__EXTRACTED MATERIAL__:
▽

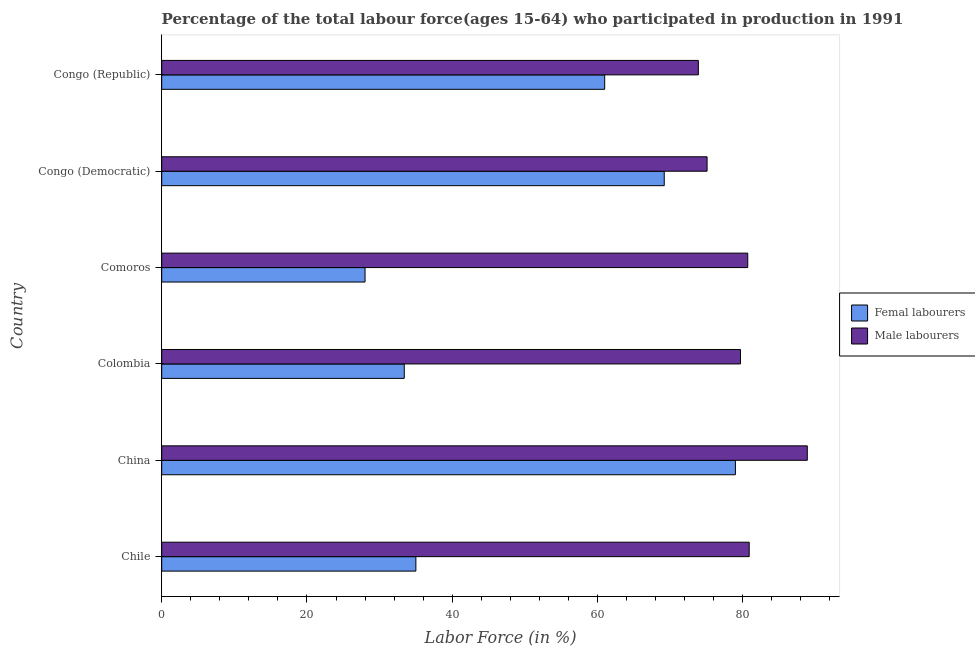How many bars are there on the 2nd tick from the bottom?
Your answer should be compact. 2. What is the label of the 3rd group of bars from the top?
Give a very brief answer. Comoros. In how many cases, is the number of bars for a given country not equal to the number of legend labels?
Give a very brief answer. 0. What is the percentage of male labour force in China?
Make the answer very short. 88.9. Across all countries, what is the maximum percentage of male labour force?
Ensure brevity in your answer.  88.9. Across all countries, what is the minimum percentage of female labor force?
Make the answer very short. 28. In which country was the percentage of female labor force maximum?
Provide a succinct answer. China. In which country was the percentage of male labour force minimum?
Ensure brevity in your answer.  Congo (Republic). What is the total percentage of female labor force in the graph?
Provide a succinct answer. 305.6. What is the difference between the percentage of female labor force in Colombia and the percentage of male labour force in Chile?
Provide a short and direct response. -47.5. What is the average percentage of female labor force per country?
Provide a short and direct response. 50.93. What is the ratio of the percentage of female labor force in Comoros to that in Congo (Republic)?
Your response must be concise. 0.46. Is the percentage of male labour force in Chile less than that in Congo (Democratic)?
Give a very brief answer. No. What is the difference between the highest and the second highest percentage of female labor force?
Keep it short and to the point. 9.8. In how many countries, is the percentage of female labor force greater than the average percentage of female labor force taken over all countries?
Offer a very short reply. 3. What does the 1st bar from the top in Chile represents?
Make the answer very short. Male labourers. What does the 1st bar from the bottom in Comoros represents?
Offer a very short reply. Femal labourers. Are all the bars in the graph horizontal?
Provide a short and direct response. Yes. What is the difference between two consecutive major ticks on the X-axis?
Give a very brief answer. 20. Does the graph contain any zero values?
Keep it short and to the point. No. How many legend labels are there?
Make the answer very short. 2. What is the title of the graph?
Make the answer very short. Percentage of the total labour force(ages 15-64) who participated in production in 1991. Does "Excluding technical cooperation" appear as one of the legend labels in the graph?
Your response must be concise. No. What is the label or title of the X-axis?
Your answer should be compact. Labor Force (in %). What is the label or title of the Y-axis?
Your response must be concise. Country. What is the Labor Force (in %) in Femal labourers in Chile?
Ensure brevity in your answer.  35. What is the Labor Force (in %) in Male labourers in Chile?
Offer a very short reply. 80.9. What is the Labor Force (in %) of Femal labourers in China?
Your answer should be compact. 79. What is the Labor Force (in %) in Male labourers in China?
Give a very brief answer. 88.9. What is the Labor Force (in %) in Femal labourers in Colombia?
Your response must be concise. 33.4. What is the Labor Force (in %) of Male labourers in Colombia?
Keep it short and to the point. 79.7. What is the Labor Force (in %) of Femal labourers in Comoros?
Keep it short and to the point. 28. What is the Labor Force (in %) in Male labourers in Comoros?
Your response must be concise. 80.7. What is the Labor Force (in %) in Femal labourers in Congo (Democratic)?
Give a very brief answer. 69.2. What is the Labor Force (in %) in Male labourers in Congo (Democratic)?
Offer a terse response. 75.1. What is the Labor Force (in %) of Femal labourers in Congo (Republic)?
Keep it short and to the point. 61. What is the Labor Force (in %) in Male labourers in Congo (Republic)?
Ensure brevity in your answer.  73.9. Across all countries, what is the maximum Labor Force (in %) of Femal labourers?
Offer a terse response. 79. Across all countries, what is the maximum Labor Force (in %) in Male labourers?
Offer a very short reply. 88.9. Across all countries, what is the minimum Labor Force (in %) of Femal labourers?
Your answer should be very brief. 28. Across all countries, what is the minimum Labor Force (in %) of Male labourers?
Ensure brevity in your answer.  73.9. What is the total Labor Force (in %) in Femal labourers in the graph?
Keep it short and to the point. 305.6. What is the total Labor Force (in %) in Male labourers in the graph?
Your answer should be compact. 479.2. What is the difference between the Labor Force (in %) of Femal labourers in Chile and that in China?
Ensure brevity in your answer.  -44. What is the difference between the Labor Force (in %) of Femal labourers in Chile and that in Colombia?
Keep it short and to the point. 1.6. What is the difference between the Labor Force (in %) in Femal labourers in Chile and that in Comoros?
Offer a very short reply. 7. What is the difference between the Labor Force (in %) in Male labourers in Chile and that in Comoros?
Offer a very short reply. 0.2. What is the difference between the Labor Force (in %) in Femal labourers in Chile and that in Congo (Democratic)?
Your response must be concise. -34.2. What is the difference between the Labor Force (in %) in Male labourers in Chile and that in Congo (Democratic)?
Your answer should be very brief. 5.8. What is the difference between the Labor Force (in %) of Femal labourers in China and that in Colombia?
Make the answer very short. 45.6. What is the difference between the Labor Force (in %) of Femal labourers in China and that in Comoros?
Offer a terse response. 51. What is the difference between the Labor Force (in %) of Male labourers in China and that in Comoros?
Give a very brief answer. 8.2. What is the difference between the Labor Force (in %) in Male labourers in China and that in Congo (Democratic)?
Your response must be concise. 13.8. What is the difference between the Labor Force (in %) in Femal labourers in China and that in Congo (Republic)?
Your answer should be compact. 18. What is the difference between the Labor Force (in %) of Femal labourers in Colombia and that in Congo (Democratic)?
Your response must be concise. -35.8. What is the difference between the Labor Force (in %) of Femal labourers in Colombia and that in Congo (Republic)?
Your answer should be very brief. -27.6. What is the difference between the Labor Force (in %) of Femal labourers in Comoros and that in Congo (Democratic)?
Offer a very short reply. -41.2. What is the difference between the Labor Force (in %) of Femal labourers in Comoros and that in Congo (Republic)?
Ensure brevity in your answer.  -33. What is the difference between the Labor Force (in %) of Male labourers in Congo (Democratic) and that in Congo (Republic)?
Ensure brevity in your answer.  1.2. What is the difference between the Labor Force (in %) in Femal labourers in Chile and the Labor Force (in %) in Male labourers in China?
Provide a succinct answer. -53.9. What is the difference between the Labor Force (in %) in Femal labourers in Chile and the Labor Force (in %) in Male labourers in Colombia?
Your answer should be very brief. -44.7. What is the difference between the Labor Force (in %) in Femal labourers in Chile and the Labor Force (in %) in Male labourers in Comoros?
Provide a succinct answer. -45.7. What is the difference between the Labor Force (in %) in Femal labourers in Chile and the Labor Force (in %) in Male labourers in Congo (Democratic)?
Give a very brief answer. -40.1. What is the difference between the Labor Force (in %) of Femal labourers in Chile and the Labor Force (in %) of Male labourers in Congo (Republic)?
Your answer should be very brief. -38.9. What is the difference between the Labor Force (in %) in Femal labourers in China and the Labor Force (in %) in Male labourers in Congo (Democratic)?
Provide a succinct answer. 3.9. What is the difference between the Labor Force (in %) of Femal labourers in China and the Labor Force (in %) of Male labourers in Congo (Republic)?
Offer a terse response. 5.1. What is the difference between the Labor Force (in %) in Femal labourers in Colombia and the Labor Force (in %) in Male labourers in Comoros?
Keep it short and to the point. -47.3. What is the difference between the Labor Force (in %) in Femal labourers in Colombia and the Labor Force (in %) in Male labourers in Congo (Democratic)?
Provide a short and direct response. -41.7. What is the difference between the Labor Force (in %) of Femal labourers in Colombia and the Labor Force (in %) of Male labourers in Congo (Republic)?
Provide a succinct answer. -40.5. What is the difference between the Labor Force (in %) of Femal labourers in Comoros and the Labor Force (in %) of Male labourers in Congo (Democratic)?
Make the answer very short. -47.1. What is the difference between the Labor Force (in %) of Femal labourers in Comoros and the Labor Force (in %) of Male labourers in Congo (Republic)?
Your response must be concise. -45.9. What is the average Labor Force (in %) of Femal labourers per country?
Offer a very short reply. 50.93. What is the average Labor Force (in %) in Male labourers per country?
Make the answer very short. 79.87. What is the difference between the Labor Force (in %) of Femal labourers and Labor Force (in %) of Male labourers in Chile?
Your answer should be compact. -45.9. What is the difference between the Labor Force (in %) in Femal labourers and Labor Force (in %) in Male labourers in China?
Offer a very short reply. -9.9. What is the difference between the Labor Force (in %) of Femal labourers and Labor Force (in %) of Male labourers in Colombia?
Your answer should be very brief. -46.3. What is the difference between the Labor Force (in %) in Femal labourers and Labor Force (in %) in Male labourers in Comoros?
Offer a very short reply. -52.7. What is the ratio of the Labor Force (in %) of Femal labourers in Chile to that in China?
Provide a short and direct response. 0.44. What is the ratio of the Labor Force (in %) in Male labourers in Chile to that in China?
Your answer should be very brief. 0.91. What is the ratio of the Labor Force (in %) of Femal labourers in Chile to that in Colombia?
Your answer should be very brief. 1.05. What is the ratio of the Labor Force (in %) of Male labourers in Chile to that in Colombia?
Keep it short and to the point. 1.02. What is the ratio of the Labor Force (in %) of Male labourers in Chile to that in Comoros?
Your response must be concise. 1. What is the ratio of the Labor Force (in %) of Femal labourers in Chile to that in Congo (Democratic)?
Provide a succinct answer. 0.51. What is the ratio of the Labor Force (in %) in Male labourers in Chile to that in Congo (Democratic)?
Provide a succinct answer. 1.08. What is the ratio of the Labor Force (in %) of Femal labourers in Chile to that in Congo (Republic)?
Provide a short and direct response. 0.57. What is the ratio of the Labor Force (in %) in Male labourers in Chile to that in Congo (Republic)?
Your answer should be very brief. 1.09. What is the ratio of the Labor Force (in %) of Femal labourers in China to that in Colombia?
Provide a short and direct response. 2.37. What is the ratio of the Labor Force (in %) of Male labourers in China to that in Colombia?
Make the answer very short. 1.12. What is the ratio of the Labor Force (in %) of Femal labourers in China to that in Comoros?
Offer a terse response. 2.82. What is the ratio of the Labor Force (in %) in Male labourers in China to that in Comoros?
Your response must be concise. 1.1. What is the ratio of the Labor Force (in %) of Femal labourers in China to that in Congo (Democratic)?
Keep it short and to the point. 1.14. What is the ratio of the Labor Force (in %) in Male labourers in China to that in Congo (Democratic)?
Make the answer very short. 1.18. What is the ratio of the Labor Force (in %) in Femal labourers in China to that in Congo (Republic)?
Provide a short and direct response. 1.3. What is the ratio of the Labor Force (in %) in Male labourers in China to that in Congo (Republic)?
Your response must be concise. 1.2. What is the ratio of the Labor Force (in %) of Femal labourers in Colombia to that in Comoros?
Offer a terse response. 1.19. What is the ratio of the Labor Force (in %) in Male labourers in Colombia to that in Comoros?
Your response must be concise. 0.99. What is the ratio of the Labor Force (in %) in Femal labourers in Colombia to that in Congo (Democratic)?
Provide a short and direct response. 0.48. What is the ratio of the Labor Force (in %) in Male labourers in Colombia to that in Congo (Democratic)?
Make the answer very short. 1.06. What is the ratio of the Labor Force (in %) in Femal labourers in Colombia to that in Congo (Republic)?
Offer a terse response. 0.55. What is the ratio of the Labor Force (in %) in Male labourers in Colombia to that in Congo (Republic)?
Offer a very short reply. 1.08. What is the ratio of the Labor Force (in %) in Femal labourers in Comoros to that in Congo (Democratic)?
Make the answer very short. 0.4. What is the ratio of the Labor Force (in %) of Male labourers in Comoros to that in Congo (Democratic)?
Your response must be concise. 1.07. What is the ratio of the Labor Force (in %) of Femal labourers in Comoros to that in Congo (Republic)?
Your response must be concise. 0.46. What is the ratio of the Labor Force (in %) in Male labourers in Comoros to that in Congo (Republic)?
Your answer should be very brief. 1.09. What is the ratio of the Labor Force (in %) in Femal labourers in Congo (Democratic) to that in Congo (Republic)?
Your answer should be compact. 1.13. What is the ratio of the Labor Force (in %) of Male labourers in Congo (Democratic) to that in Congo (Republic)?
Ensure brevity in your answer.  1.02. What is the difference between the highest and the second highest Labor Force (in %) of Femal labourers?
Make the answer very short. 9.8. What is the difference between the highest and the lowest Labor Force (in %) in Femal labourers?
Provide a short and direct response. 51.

△
▽

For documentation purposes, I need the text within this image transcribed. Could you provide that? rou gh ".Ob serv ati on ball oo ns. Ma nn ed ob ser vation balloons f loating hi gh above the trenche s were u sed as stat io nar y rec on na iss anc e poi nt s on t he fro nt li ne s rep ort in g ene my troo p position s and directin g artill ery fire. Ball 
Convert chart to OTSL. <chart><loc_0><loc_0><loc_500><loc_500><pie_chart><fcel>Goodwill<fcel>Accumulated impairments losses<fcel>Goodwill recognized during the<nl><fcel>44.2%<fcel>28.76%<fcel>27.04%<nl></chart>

△
▽

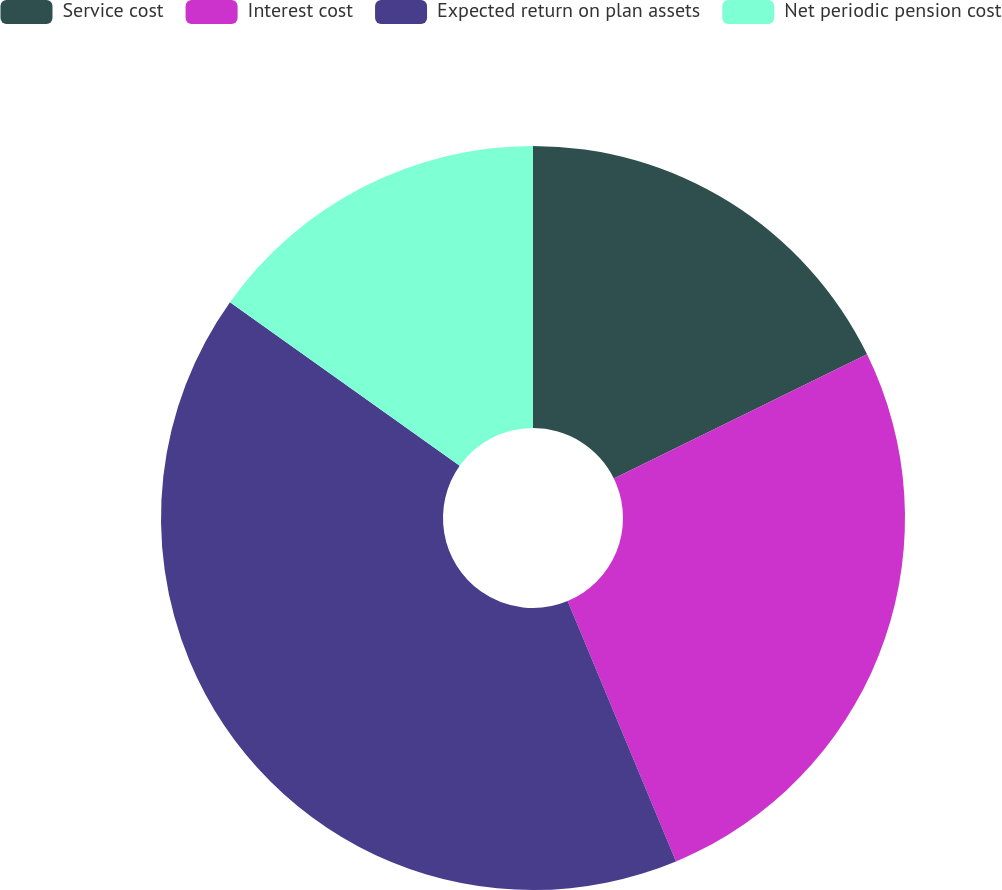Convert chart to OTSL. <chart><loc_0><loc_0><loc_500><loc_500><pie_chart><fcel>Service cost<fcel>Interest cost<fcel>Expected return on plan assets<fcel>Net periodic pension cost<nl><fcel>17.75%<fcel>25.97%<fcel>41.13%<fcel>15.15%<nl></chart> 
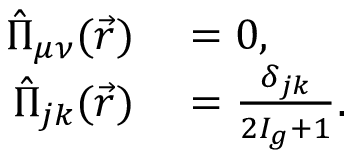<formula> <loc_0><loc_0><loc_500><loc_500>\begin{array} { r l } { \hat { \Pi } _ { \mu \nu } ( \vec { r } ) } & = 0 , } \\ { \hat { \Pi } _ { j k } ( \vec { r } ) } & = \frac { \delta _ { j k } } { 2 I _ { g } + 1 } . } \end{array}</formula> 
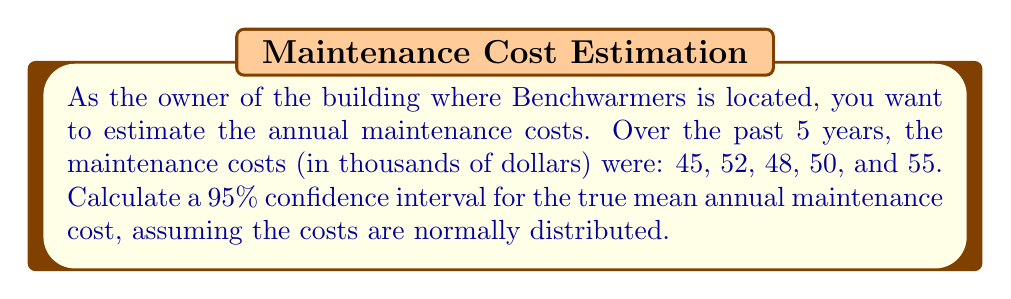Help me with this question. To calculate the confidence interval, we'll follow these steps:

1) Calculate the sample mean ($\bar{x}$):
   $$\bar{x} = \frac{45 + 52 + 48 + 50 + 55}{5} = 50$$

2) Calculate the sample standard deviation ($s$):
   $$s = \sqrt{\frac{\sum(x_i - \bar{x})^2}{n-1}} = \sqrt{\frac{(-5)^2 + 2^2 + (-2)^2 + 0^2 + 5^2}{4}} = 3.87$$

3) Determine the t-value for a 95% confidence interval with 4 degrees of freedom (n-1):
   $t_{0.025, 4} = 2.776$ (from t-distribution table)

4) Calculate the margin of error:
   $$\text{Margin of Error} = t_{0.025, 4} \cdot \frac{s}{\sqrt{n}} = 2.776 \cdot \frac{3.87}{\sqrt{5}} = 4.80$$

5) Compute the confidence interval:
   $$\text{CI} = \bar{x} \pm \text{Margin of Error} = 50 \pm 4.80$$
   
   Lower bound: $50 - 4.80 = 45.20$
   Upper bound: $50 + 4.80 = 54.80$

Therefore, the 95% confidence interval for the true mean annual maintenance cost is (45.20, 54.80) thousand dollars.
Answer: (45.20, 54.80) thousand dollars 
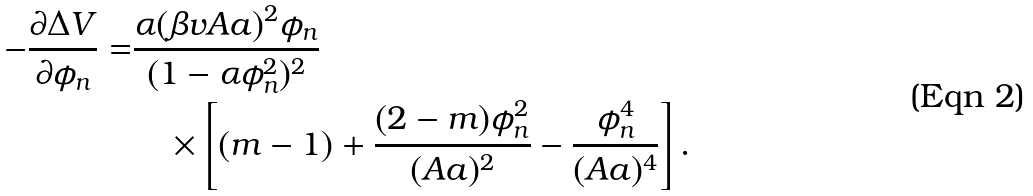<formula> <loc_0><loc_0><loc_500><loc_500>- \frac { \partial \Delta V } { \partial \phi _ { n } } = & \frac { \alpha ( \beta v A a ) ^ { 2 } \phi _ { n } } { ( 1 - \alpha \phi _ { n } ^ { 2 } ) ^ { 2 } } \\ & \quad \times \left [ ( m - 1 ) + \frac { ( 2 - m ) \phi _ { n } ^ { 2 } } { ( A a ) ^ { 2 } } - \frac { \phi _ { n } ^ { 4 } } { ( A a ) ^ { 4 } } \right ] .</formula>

△

__TASK BRIEF__: Here the job is to copy the listing above word for word, starting at the line with "How many bars" and ending at the line with "Give a very brief answer. Comoros.", and to leave out the pictures.

__SOLUTION__:
How many bars are there on the 2nd tick from the bottom?
Your answer should be compact. 2. What is the label of the 3rd group of bars from the top?
Give a very brief answer. Comoros. In how many cases, is the number of bars for a given country not equal to the number of legend labels?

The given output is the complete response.